The team also compared the effects on healthy and unhealthy hearts. The modeling showed that turning even 2% of ATP into dATP was enough to restore a failing heart’s capacity to pump blood without unintended consequences.
“Our efforts going forward will be aimed at the development of therapeutics,” says Regnier. “We’re using a mixture of experimental and modeling tools to develop a better gene therapy for heart failure. We’re working on new viral vectors that have improved targeting to the heart and enhanced promoters that are specific to the heart and skeletal muscle. And we are using the modeling to re-design the enzyme that produces dATP to optimize the therapeutic dose.”
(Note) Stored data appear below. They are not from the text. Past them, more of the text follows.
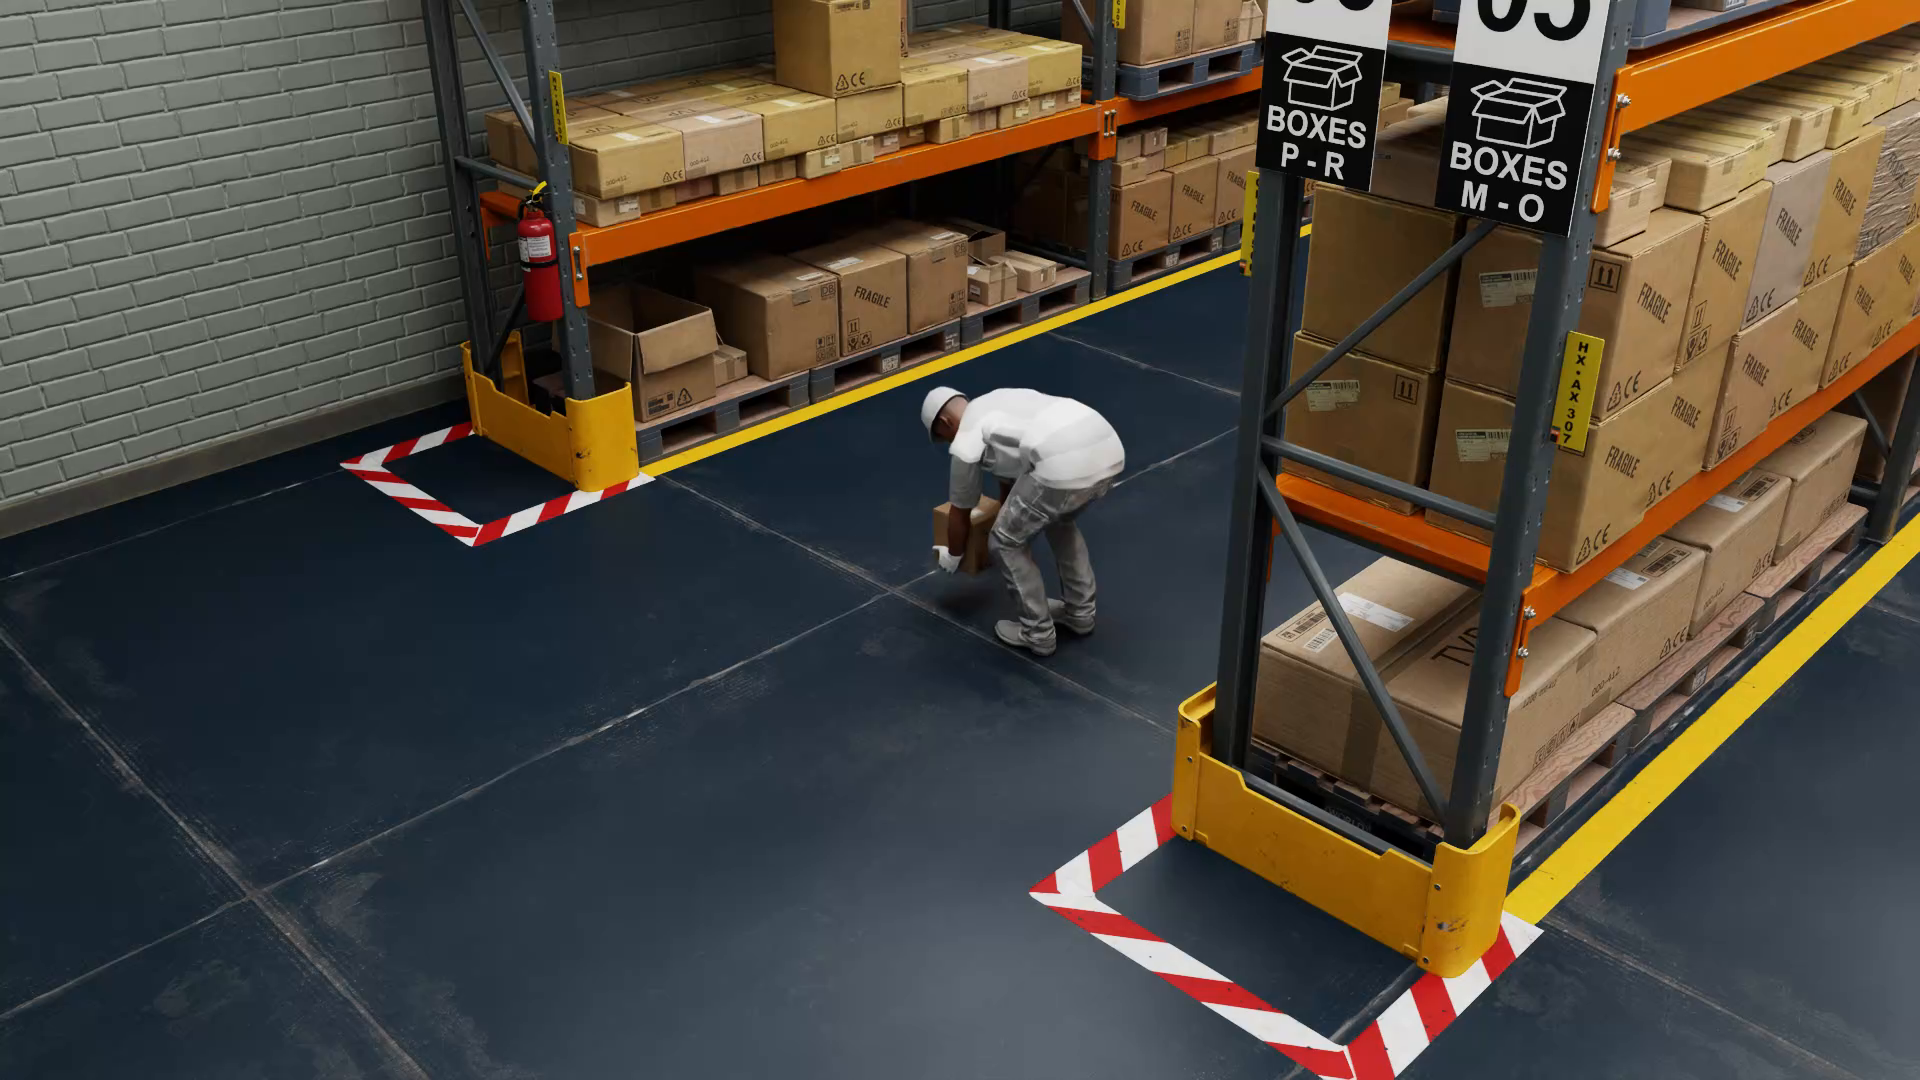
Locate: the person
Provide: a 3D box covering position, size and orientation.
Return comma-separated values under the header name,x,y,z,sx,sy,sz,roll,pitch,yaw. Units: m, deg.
name,x,y,z,sx,sy,sz,roll,pitch,yaw
person,0.223,-0.136,7.121,0.991,1.075,0.513,23,35,37
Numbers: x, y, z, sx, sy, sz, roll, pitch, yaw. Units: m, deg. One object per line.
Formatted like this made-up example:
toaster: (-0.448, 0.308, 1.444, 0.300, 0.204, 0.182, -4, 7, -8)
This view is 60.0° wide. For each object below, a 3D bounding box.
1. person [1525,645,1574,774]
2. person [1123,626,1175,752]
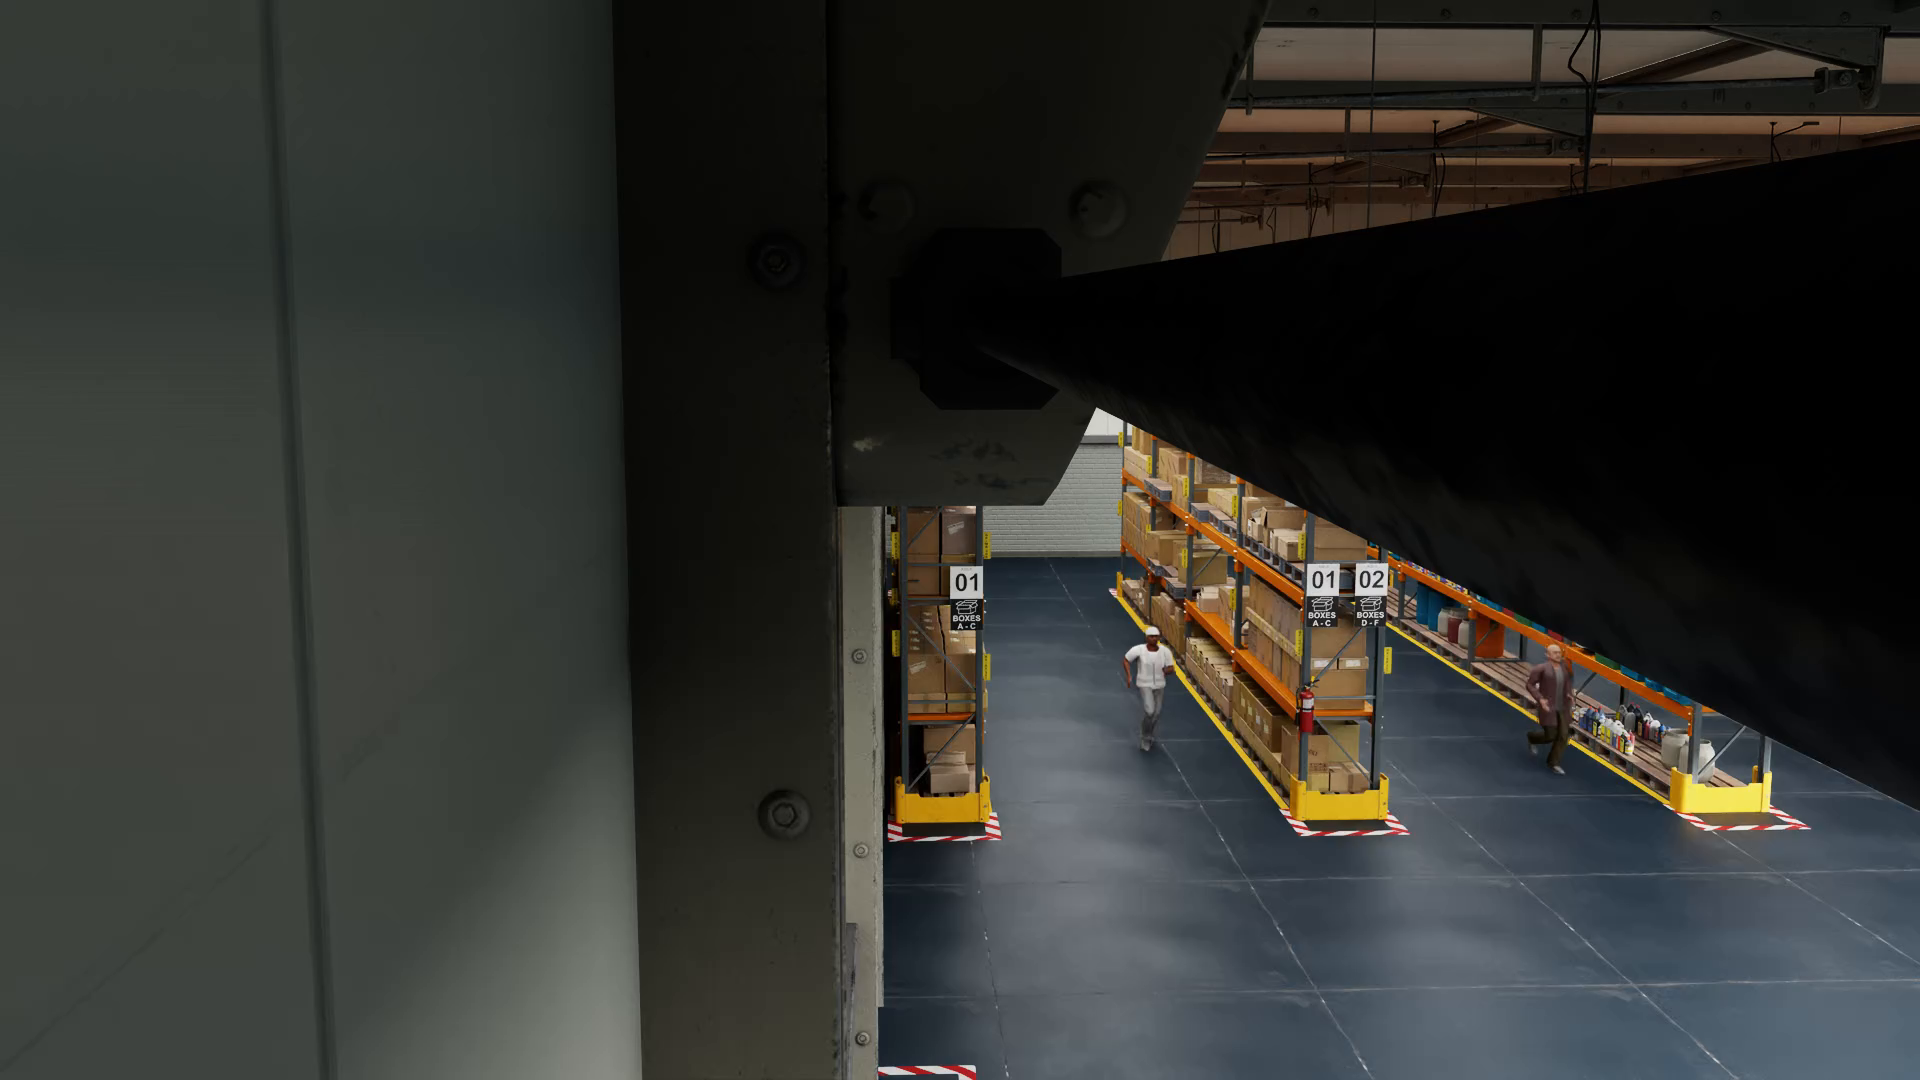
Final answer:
person: (8.097, 2.287, 22.788, 0.711, 1.743, 0.756, -2, 8, -14)
person: (2.739, 2.128, 23.818, 0.671, 1.798, 0.728, -2, 8, -13)

Stem cells will continue to play an important role, says Regnier. “Once we calibrate the dose, our team will encode the genetic changes into stem cells, which will be programmed to become cardiomyocytes that are engineered to generate a measured amount of dATP – the small molecule factory. It’s sort of cell therapy 2.0. We’re putting in improved heart muscle cells that replace lost tissue and energize the whole heart.”
Within the next five years, Regnier hopes the treatment will be on a path to human clinical trials. “Eventually, the treatment we develop, based on what we learn in the experiments we’ve done, could become part of the heart failure management regimen,” says Regnier. “It’s the first therapeutic that isn’t designed to just slow the slide into end stage heart failure. It’s actually designed to reverse reduced heart function.”
Dr. Teitgen, the first author of the paper, summarizes the significance of the research.
“In this study, we successfully demonstrated how our novel multiscale computational modeling framework can be leveraged to enhance the understanding of existing experimental data while making predictions across various levels of function, from molecular interactions to cellular dynamics and whole-heart physiology. This approach holds exciting potential for future in silico studies of candidate therapeutics.”